Hong 2009.

Study characteristics
Methods	Non‐blinded, parallel‐group randomised controlled trial with 8 days duration of treatment and 3‐month duration of follow‐up
Participants	Setting: tertiary referral centre, Republic of Korea, May 2007 to January 2009 Sample size: Number randomised: 75 Number completed: 63 Primary/secondary therapy: primary therapy Participant (baseline) characteristics: age/sex (male, female)/baseline hearing loss at start of therapy/start of treatment: Group I (intratympanic): 56.9 y/13 m, 19 f/77.5 ± 27.6 dB HL/3.4 d Group II (systemic): 56.2 y/11 m, 20 f/79.9 ± 23.5 dB HL/3.9 d Inclusion criteria: ISSNHL of 30 dB or more with over 3 contiguous audiometric frequencies that occurred in fewer than 3 days Exclusion criteria: ISSNHL with vertigo, diabetes, Ménière’s disease, tumours, treatment onset of more than 15 days
Interventions	General comparison: intratympanic versus systemic corticosteroid therapy Intervention group (n = 32*): "intratympanic therapy": intratympanic injection of dexamethasone, 5 mg/mL, 0.3 to 0.4 mL, 8 injections total, 1 x per day Comparator group (n = 31*): "systemic therapy": oral prednisolone 60 mg per day for 4 days, 40 mg per day for 2 days and 20 mg per day for 2 days Use of additional interventions (only comparator group):"peripheral vasodilator" and Ginkgo biloba extract *per protocol analysis
Outcomes	Primary outcome measure: Change in hearing threshold with pure tone audiometry Secondary outcomes: Frequency‐specific changes with pure tone audiometry Proportion of patients whose hearing is improved (criterion of improvement > 15 dB decrease in PTA/Siegel's criteria) Adverse events Primary endpoint for hearing threshold evaluation: 90 days Used PTA: 4PTA (0.5, 1, 2, 3 kHz)

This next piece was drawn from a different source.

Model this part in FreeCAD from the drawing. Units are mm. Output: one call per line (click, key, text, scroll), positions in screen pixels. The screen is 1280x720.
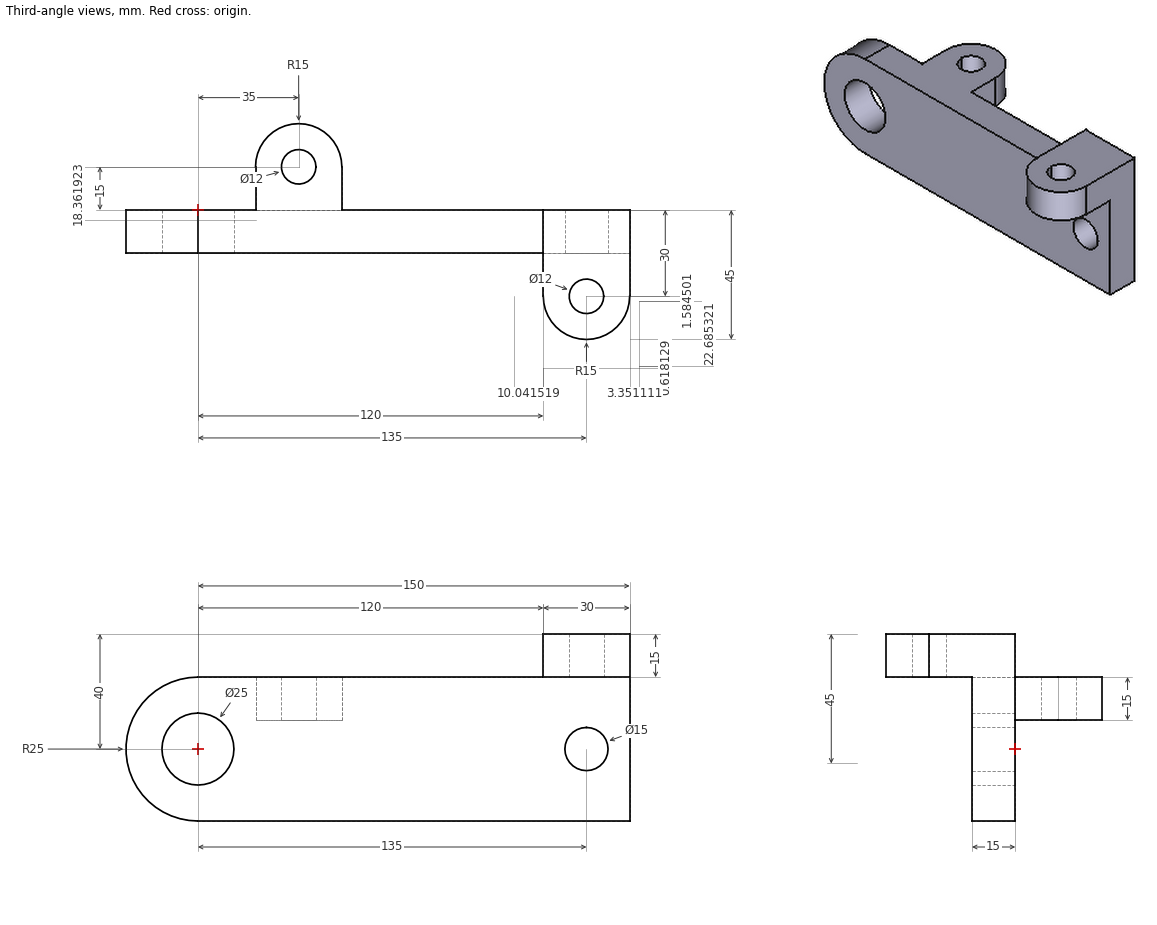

Funding sources	Grant (code # 200810FTH010103002) from BioGreen21 Program, Rural Development Administration, Republic of Korea
Declarations of interest	None declared
Notes	—
Risk of bias
Bias	Authors' judgement	Support for judgement
Random sequence generation (selection bias)	Unclear risk	Quote: "IT dexamethasone or oral prednisolone, was assigned for patients with ISSHL alternatively and randomly." Method of random sequence generation is not described.
Allocation concealment (selection bias)	Unclear risk	Method of concealment is not described.
Blinding of participants and personnel (performance bias) All outcomes	Low risk	Open‐label trial, no blinding.
Blinding of outcome assessment (detection bias) All outcomes	Low risk	Quote: "outcome assessors were blinded"
Incomplete outcome data (attrition bias) All outcomes	High risk	Rate of reported missing outcome data more than 10% (16%).
Selective reporting (reporting bias)	Low risk	No indication of selective reporting in the outcome parameters addressed by the review.
Other bias	High risk	No sample size calculation performed. Standard deviation of treatment delay from onset not reported.